The single-exposure patterning capability of EUVL

24th February 2021
Alex Lynn
0

At the 2021 SPIE Advanced Lithography Conference, imec and ASML presented several papers that demonstrate the ultimate single-exposure patterning capability of today’s 0.33NA NXE:3400 extreme ultraviolet lithography (EUVL).

Process optimisations have enabled the patterning of dense 28nm pitch line/spaces with an Inpria metal-oxide resist in one single exposure, relevant for high-volume manufacturing. For the first time, optical and e-beam inspections were correlated with electrical data to gain further insights in improving stochastic defectivity – i.e., both breaks and bridges.

In addition, source optimisations have led to printing the smallest pitch possible with the current NXE:3400 scanner (i.e., 24nm pitch line/spaces and 28nm pitch contact holes), allowing for early material development required for high-NA EUV lithography scanners.

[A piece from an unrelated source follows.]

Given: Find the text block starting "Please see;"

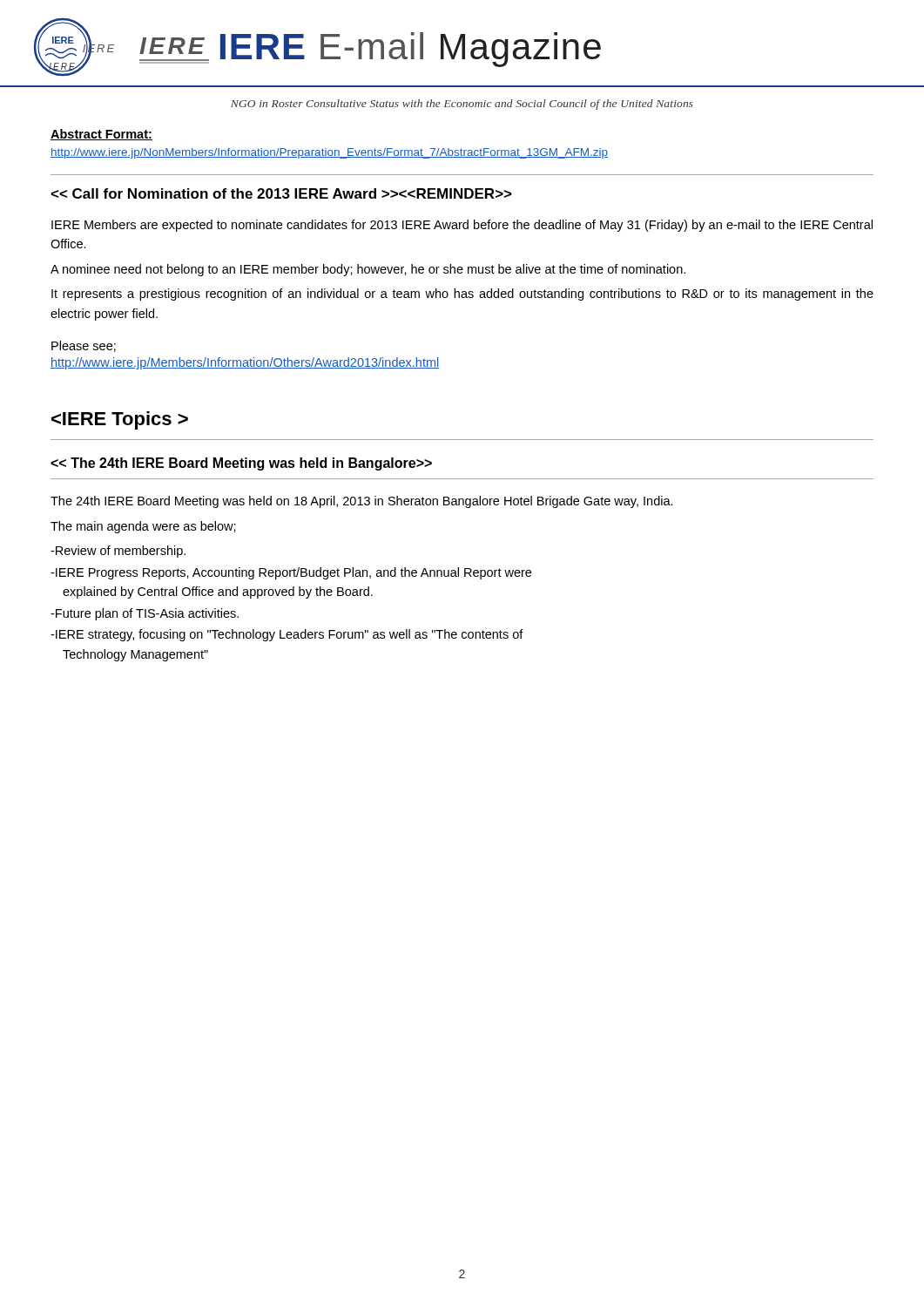Looking at the screenshot, I should click(84, 346).
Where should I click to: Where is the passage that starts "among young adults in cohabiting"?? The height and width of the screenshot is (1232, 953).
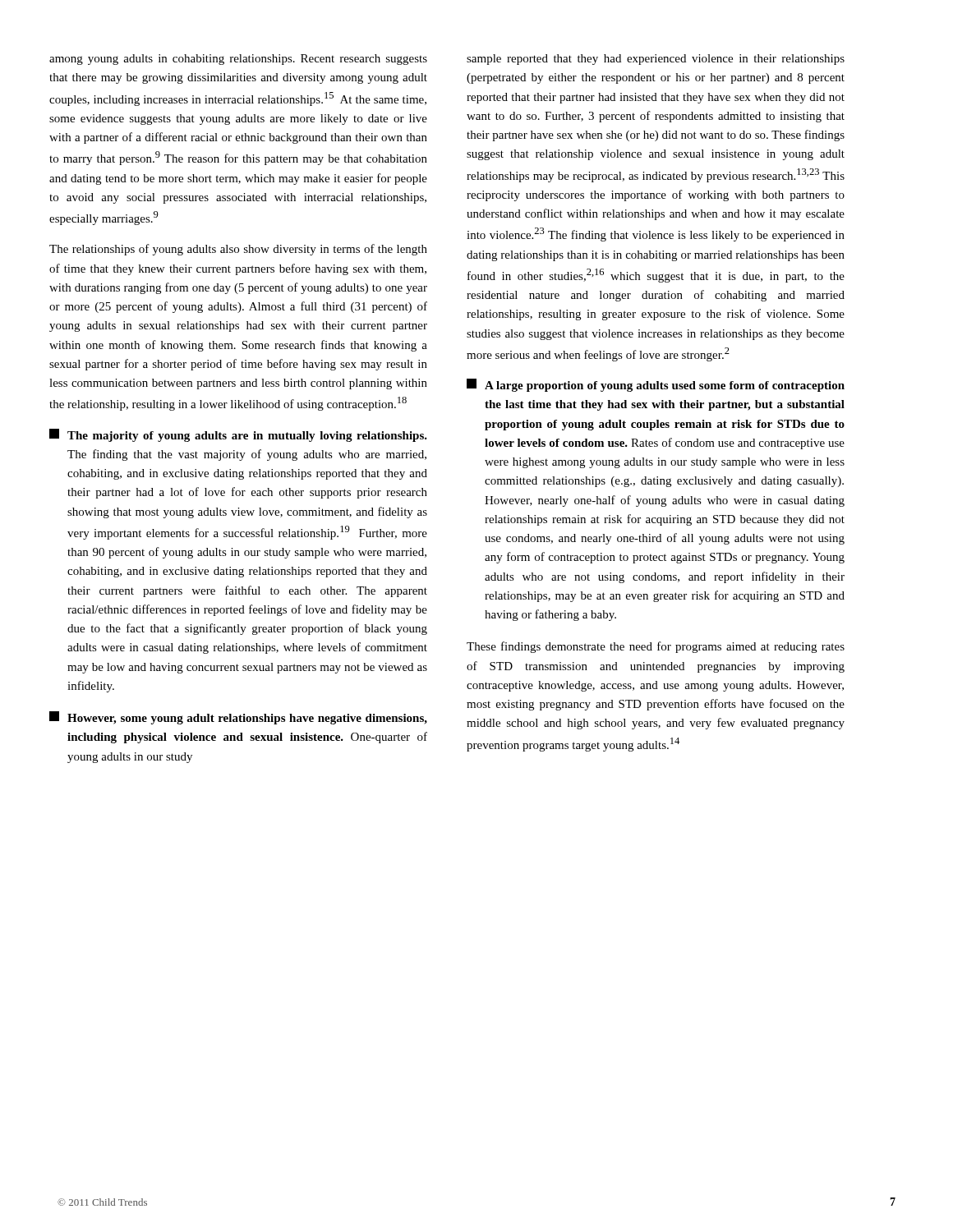[x=238, y=138]

Extreme ultraviolet lithography has reached a critical decision point where one can move to EUV multi-patterning for printing the densest features of the next generation ICs or push further the single print capability on today’s 0.33NA full field scanners.

“While multi-patterning techniques would offer more relaxed pitches, single patterning enables a tremendous cost advantage and simpler process schemes,” said Kurt Ronse, Advanced Patterning Program Director at imec. “Imec and ASML have demonstrated 28nm pitch single-exposure patterning readiness for line/spaces, which corresponds to critical back-end-of-line metal layers of a 5nm technology node. This brings the NXE:3400 scanner very close to its resolution limit for high-volume manufacturing.” The results were obtained using Inpria’s metal-oxide (MOx) resist process.

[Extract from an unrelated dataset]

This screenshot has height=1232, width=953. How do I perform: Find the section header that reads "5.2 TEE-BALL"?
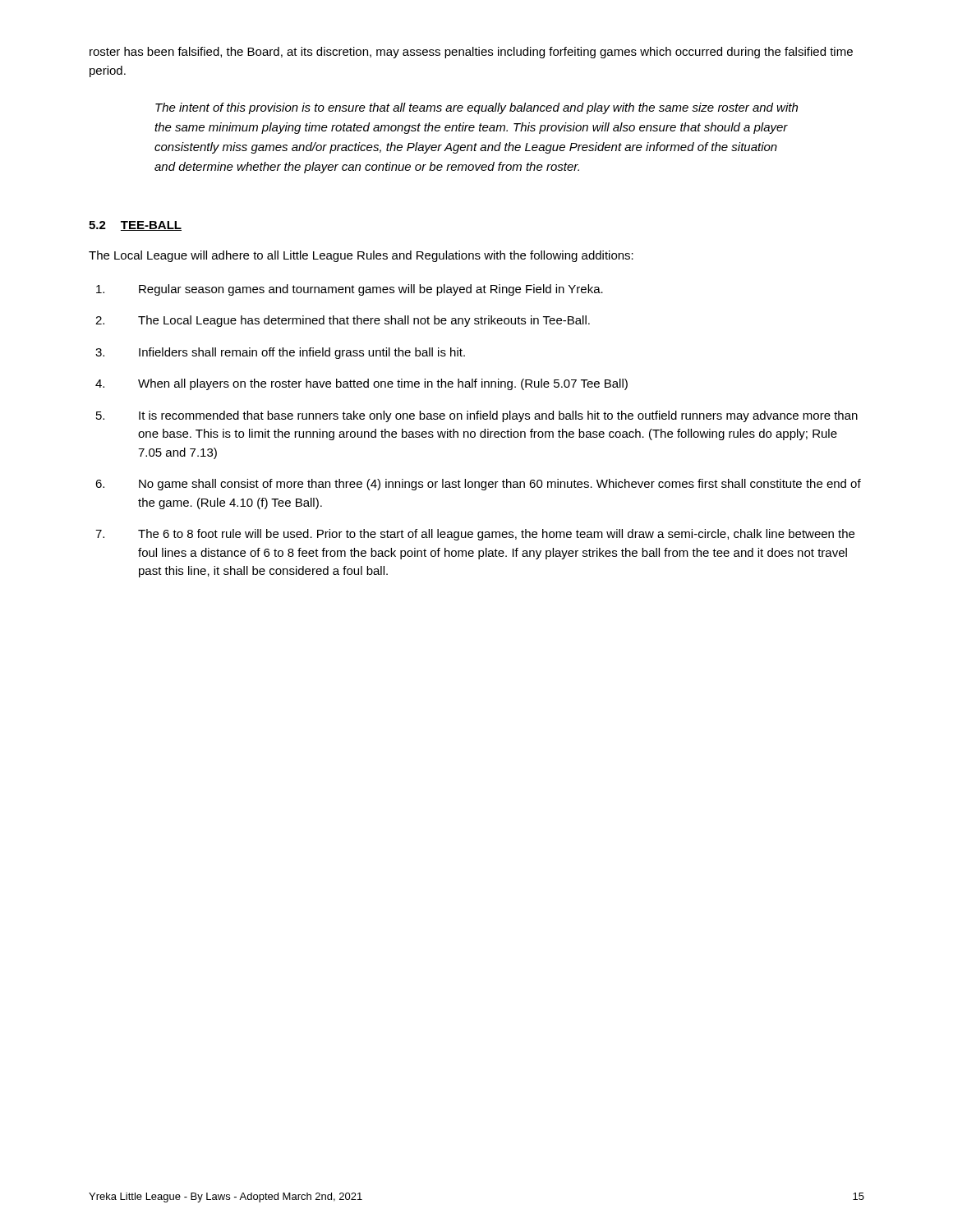[135, 225]

To increase learnings on stochastic patterning failures, defectivity inspection data obtained with scanning electron microscopy, broadband plasma and e-beam technologies were successfully correlated with data obtained from electrical measurements. The electrical tests were carried out on large-area ruthenium-metallised serpentine structures that allowed to measure electrical opens (and hence bridges in the resist), as well as on metallised fork-fork and tip-to-tip structures that allowed to measure electrical shorts (and hence critical breaks in the resist).

Besides showing a good correlation, the complementary electrical measurements allow to capture important trends across multiple process changes that can help mitigating stochastic printing failures (papers n° 11609-26; 11611-21).

The extendibility of 0.33NA EUV lithography to pitch 28nm resulted from co-optimising the various contributors to the patterning process, including mask templates, illumination settings, metal-oxide resist and etch processes.

For example, the benefits of using bright field mask tonality and controlled lens aberrations were shown to largely improve the printability at small pitch and critical dimensions (papers n° 11609-27; 11609-29).

Besides pushing the boundaries of single-exposure EUVL for high-volume manufacturing, imec and ASML have brought the 0.33NA NXE:3400 to its extreme resolution with the aim to use it as a platform for early material development for the high-NA EUVL tools.

Steven Scheer, VP advanced patterning process and materials at imec, explaind: “Imec and ASML recently also showed the tool’s capability of printing 24nm pitch line/spaces and 28nm pitch contact holes – the latter by optimising pupil and imaging conditions and by using double line/space exposures at a combined dose of 45mJ/cm2.”

“Pattern transfer could be successfully demonstrated on very thin resists that are relevant for high-NA EUV,” added Andrew Grenville, CEO of Inpria. “This will provide the imec patterning ecosystem with the opportunity to develop resist, metrology and etch processes to accelerate the introduction of the next-generation EUVL system, i.e., the high-NA EXE:5000.”

Scheer continued: “These developments will complement the learnings that are currently being obtained from imec’s attosecond analytical and interference lithography lab (the AttoLab), expected to offer a high-NA resist imaging capability to print features down to pitches as small as 8nm.”